Federal Advocacy

Live from the AMA National Advocacy Conference: Physician advocacy and why it works with Todd Askew

. 14 MIN READ

AMA Update covers a range of health care topics affecting the lives of physicians, residents, medical students and patients. From private practice and health system leaders to scientists and public health officials, hear from the experts in medicine on COVID-19, medical education, advocacy issues, burnout, vaccines and more.

In today’s AMA Update, AMA Senior Vice President of Advocacy Todd Askew and American Medical Association Chief Experience Officer Todd Unger sit down to chat about the AMA’s latest advocacy efforts from its National Advocacy Conference in Washington, D.C. Topics include fixing prior authorization, reforming Medicare payment, fighting scope of practice expansion, supporting telehealth and reducing physician burnout.

Learn how the AMA is #FightingForDocs and access resources from the AMA Recovery Plan for America’s Physicians.

Stay up to date on all the latest advocacy news by subscribing to AMA Advocacy Update.

Speaker

  • Todd Askew, senior vice president of advocacy, AMA

AMA Recovery Plan for America’s Physicians

After fighting for physicians during the pandemic, the AMA is taking on the next extraordinary challenge: Renewing the nation’s commitment to physicians.

Unger: Hello. This is the AMA Update video and podcast. Today, we're coming to you live from the AMA's National Advocacy Conference in Washington, D.C., to bring you the latest on what's happening on the advocacy issues that are most important to you. And for that, I'm joined by Todd Askew, the AMA's senior vice president of advocacy. I'm the other Todd, Todd Unger, the AMA's chief experience officer. Welcome, Todd.

Askew: Thanks, Todd. And welcome to Washington. Good to be with you in person.

Unger: It's good to be on your territory. And I feel like this is kind of like the event the other day, the Super Bowl. For your team, there's a lot of excitement in the air. We got a lot of big players here. What are you hoping to accomplish in the next couple of days?

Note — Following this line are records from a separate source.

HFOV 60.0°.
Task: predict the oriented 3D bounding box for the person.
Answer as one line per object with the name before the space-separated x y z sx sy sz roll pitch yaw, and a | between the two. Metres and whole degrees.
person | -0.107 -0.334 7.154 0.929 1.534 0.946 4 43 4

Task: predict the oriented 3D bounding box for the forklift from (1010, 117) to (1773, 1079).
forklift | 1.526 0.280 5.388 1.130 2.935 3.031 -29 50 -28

Askew: Well, it's really a great opportunity, not only to showcase some of the great work the AMA's done, but to showcase our members, and to take them up to Capitol Hill, have them talk about these issues with their policymakers, with the staff, with the members of Congress, with senators, and also get to have them hear from some really important policymakers as well to kind of get a first-person view of the process and to participate in it.

Unger: Well, a lot of what we're doing today is kind of reviewing the priorities that the AMA is working on in preparation for those Hill visits. Talk to us a little bit about those priorities.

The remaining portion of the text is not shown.